| WHAT IS REQUIRED |
Answer with only the number of lines below where "hidden" appears.

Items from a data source
════════

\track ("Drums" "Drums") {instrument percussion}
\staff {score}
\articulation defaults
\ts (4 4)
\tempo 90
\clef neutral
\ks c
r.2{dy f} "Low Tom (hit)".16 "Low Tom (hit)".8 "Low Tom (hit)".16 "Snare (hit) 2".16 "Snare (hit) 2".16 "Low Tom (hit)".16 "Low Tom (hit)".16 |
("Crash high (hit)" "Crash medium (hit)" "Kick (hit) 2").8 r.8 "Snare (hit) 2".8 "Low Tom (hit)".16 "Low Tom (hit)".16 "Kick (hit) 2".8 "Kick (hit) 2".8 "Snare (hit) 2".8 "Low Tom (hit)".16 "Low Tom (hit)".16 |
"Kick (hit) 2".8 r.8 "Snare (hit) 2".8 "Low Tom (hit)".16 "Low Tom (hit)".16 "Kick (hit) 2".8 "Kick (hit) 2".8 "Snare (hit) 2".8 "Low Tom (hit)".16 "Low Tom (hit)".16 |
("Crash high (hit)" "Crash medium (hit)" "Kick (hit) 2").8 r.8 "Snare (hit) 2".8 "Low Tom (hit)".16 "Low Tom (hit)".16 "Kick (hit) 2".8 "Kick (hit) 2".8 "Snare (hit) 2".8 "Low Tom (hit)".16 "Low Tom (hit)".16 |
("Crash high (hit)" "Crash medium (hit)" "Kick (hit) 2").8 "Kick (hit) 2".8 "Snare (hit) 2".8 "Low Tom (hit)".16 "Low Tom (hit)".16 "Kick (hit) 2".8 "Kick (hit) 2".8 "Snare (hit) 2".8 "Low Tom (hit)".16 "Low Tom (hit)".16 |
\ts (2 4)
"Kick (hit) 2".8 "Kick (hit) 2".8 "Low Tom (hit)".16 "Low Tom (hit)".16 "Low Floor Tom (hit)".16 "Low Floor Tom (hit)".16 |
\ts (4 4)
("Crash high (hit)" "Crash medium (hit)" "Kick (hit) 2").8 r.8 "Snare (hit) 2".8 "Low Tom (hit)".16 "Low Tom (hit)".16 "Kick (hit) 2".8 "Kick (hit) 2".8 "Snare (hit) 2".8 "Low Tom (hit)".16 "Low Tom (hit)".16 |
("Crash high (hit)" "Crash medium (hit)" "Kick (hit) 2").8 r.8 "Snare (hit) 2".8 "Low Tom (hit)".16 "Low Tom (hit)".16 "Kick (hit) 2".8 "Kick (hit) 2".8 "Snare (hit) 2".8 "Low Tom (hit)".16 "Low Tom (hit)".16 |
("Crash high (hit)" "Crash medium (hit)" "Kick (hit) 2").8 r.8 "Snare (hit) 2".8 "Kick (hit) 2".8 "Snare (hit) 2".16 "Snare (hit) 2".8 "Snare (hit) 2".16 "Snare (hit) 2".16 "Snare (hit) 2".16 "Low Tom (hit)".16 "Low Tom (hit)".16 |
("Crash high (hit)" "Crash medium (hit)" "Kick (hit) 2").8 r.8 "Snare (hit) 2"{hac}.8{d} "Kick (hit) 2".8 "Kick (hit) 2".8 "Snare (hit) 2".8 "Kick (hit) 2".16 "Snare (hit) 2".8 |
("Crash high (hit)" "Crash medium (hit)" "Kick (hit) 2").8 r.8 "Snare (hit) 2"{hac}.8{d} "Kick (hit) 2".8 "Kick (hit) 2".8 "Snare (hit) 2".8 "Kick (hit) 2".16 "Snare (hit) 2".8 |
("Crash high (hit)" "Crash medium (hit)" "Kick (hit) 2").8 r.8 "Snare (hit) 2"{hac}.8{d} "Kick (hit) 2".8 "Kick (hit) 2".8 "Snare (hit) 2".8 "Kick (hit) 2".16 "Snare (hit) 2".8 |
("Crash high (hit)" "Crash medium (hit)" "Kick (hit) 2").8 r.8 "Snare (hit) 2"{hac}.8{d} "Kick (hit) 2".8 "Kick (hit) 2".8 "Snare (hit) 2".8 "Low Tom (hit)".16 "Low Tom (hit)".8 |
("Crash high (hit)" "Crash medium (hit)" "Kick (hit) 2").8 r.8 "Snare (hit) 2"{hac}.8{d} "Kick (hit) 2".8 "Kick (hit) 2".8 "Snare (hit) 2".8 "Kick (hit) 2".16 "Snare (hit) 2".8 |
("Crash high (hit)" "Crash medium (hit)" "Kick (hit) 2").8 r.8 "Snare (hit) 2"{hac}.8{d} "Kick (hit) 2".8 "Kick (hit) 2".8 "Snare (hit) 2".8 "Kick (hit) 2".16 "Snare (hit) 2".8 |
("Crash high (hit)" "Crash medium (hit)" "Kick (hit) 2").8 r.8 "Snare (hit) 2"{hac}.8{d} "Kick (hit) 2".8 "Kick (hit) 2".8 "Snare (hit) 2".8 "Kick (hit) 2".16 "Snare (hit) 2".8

════════

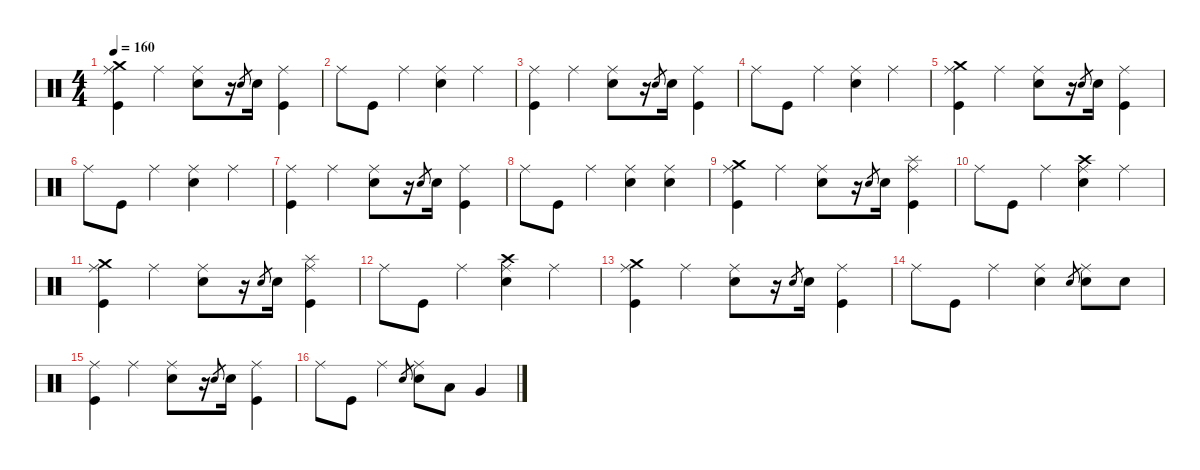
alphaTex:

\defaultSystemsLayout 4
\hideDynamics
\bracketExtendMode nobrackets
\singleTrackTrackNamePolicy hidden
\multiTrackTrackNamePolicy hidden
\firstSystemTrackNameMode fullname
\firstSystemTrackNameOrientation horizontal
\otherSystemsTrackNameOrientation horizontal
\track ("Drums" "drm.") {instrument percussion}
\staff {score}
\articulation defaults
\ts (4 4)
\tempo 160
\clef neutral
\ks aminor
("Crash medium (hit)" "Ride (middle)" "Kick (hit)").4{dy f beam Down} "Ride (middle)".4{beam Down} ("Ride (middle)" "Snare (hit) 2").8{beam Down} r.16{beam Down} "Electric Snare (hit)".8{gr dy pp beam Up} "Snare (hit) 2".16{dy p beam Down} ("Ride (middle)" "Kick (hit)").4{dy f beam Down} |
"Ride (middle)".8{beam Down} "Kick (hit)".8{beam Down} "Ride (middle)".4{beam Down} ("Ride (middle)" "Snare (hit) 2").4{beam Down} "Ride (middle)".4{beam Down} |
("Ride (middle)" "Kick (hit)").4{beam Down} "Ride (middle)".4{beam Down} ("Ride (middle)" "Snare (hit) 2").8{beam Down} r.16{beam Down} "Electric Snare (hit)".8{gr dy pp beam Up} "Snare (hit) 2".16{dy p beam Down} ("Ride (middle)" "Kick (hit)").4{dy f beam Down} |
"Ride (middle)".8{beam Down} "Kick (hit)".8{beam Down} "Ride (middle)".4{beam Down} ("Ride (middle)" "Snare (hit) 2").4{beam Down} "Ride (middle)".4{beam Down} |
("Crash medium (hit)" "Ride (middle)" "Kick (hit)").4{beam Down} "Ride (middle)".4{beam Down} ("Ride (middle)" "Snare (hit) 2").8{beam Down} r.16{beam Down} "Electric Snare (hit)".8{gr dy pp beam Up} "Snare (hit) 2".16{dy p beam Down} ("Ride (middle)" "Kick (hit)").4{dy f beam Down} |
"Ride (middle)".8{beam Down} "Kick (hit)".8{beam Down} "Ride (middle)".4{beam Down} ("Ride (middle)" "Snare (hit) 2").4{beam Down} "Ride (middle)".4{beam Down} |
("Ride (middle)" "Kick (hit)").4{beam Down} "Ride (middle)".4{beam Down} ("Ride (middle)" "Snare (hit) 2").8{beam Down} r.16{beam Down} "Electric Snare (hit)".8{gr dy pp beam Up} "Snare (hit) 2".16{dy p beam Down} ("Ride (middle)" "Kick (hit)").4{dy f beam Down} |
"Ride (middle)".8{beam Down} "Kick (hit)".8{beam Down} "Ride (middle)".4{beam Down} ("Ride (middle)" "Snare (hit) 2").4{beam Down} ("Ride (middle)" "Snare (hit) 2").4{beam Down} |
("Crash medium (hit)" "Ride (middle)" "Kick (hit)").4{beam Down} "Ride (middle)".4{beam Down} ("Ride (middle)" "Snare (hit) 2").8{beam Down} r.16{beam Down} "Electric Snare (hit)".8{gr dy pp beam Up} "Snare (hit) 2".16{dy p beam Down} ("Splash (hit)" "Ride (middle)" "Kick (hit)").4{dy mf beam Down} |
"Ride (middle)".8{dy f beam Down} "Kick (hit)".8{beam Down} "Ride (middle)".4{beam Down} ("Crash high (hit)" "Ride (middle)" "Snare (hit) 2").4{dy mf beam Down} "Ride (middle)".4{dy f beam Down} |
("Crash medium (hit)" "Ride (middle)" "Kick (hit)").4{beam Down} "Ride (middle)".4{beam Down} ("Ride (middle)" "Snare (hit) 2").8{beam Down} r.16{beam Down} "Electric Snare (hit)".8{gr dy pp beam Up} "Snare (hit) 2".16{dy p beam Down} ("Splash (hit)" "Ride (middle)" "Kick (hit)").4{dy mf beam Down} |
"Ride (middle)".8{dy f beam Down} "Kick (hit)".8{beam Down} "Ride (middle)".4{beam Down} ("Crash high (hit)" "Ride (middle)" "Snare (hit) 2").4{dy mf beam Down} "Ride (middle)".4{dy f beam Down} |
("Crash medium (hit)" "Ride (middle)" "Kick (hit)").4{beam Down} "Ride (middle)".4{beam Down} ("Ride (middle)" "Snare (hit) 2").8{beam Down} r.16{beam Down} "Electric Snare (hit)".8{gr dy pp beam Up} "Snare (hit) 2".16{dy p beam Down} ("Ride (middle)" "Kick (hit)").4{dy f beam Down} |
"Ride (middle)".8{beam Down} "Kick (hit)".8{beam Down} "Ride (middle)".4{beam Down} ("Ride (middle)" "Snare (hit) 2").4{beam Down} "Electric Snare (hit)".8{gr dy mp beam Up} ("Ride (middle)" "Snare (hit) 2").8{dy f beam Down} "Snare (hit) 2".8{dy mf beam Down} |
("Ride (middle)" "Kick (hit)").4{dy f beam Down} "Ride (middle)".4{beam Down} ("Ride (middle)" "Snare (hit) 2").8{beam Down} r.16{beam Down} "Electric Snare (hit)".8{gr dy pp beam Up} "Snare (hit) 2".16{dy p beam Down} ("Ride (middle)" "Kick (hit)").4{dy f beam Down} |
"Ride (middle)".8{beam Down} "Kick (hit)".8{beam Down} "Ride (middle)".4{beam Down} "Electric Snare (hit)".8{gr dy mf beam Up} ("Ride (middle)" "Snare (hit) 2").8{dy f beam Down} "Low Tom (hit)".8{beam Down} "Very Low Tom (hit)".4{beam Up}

════════

| EXERCISE SOLUTION |
2